**PROBLEM TO SOLVE**
Please reproduce, exactly and with nothing else, every line from the one containing "For example (dummy" through the last line of the records below.

─── DATASET EXTRACT

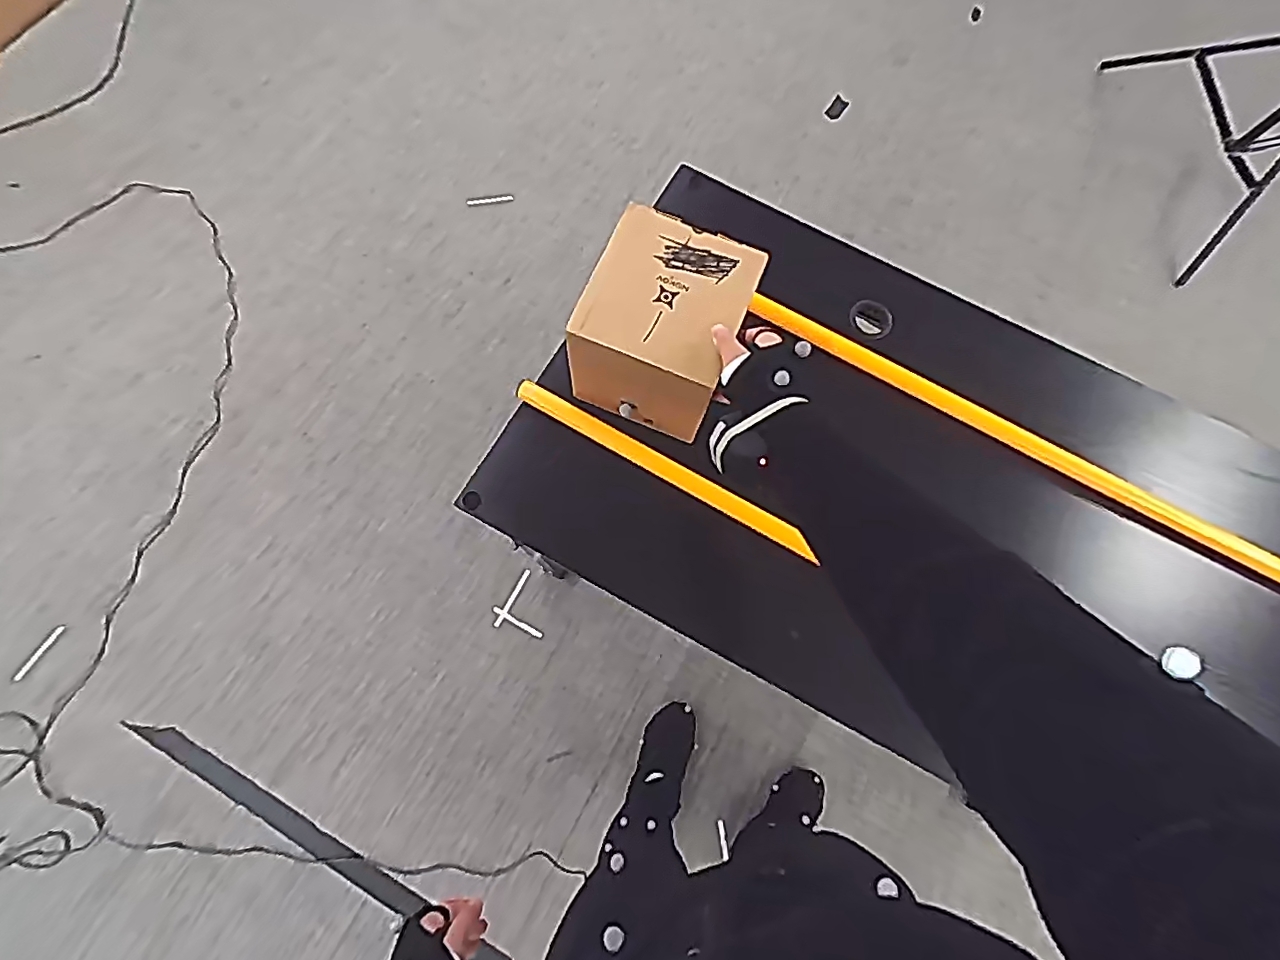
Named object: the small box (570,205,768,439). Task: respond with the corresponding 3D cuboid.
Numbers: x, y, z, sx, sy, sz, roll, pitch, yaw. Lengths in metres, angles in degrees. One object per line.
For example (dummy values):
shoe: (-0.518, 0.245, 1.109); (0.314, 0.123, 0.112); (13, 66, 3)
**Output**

──────

**SOLUTION FOR THIS EXERCISE**
For example (dummy values):
shoe: (-0.518, 0.245, 1.109); (0.314, 0.123, 0.112); (13, 66, 3)
**Output**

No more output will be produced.